Looks like it's this one:
Manchester & District Cat Club- - HOME

This is the list of breeds an all-breeds show must cater for:
http://www.gccfcats.org/pdf/SM_breed_list.pdf

Japanese Bobtail isn't on it. I have no idea if TICA or CFA recognise the breed or not, but suspect the GCCF never will although I am aware of attempts to get them to:
http://www.gccfcats.org/pdf/BreedingPolicy.pdf

(if those guidelines had been in place at that time the Sphinx would never have been recognised)

PS it might be possible to show JBs in the household pet section, though since they are an unrecognised breed I suspect they should be in household pet rather than pedigree pet. However if I was entering one I'd check with the show manager.


----------



## JordanRose (Mar 10, 2012)

I should be!! 

(Without Spooks, I've decided I can't put him through it- I'd be selfish to really...)

Phil, I think you could have your Bobtail in Ped Pets, I'm not sure they accept them in the breed show- I can't find them on the list:

http://www.gccfcats.org/pdf/SM_breed_list.pdf

In Pedigree Pets, they will judge on overall condition and temperament 

ETA- I was beaten to it!


----------



## Philosophical (Dec 19, 2012)

Ah, GCCF eh? might be household pets for me then!
He is CFA registered but I'll check with the show manager first to see if I can ener him, I'd like to attend regardless!
I know there is an ongoing attempt to see if GCCF wiill change their position but I'm not holding my breath!
Thanks for your replies 
Cheers,
Phil


----------



## jo-pop (May 27, 2011)

carolmanycats said:


> Might be, just planning shows at moment but waiting until schedule for North West at end of September is out too before deciding


I was just thinking about this one too, all depends on what Thomas has decided about showing though :-/


----------



## carolmanycats (May 18, 2009)

OrientalSlave said:


> PS it might be possible to show JBs in the household pet section, though since they are an unrecognised breed I suspect they should be in household pet rather than pedigree pet. However if I was entering one I'd check with the show manager.

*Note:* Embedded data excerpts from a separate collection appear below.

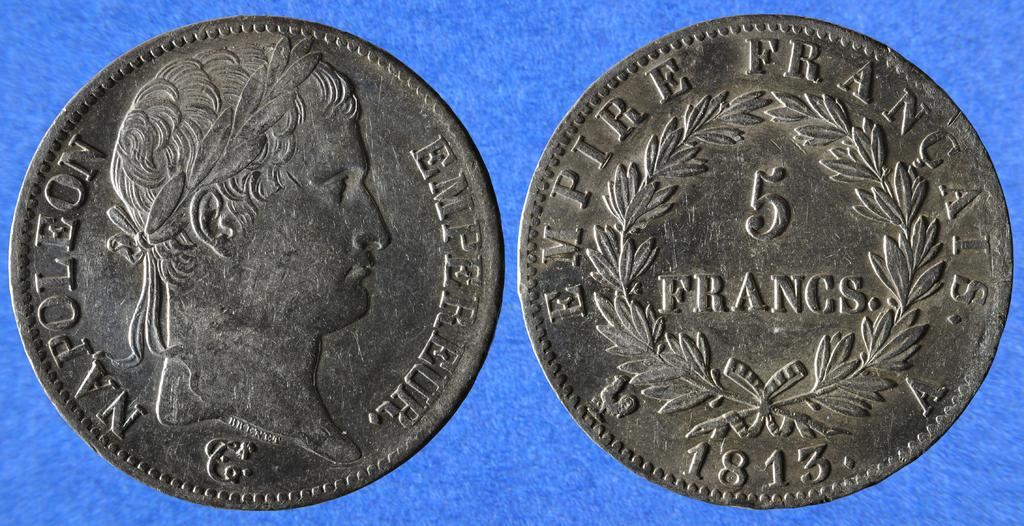<image>
Share a concise interpretation of the image provided. Front and back of a coin shwoing Napoleon on it. 
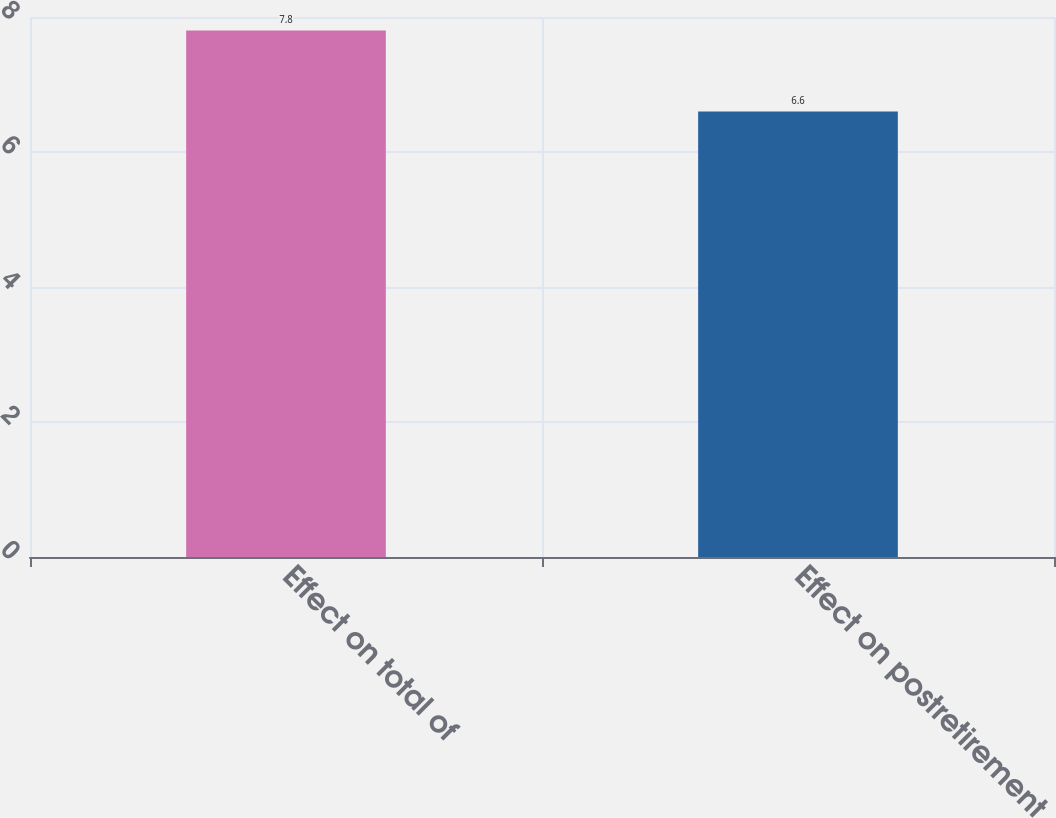Convert chart. <chart><loc_0><loc_0><loc_500><loc_500><bar_chart><fcel>Effect on total of<fcel>Effect on postretirement<nl><fcel>7.8<fcel>6.6<nl></chart> 
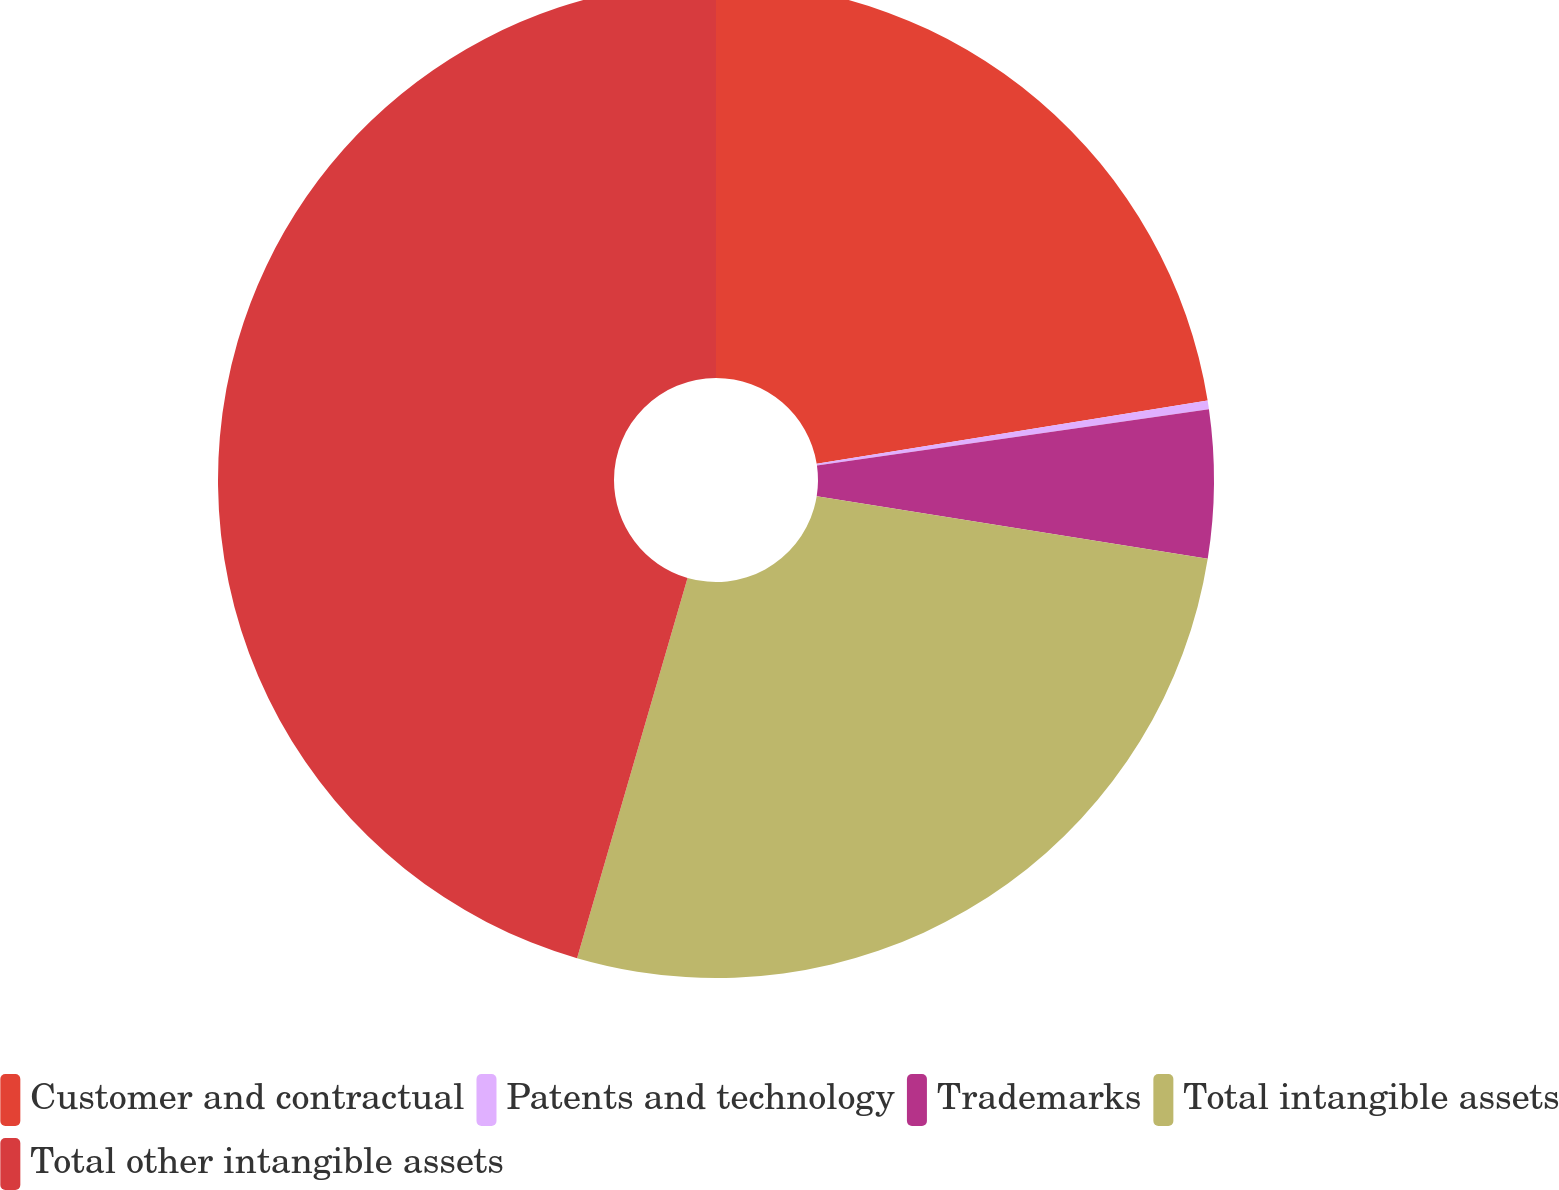Convert chart to OTSL. <chart><loc_0><loc_0><loc_500><loc_500><pie_chart><fcel>Customer and contractual<fcel>Patents and technology<fcel>Trademarks<fcel>Total intangible assets<fcel>Total other intangible assets<nl><fcel>22.45%<fcel>0.28%<fcel>4.8%<fcel>26.97%<fcel>45.5%<nl></chart>

Er, no, it would have to be the Pedigree Pet part of the Household Pet Section (HP covers non pedigree and pedigree pet). basically the Non-Pedigree section is for your "ordinary" "pure" domestic cat or moggy only. Anything from a full registered pedigree cat unable to be shown due to a fault that prevents it meeting the SOP, through a rescued full pedigree without papers, to a cross of 2 pedigrees and down to a cat that may even only have some pedigree somewhere in its background has to be in Pedigree Pets.

It's a bit of a sore point at the moment as we are currently having problems with one exhibitor who steadfastly refuses to move her cat from non pedigree to pedigree pets despite is being obviously at least part pedigree on the grounds that "we don't know for sure exactly what pedigree is in it". It doesn't matter if you are sure or not, if there is any pedigree in it then it needs to be pedigree pets and a seal point cat with blue eyes sure as hell has SOME pedigree in its background, even if, as one judge was telling me on Saturday, it came, as one of his once did years ago, from two moggy parents 

Off soapbox now lol.


----------



## Philosophical (Dec 19, 2012)

What you say seems to make perfect sense to me Carol!
some people eh? 
regards,
Phil


----------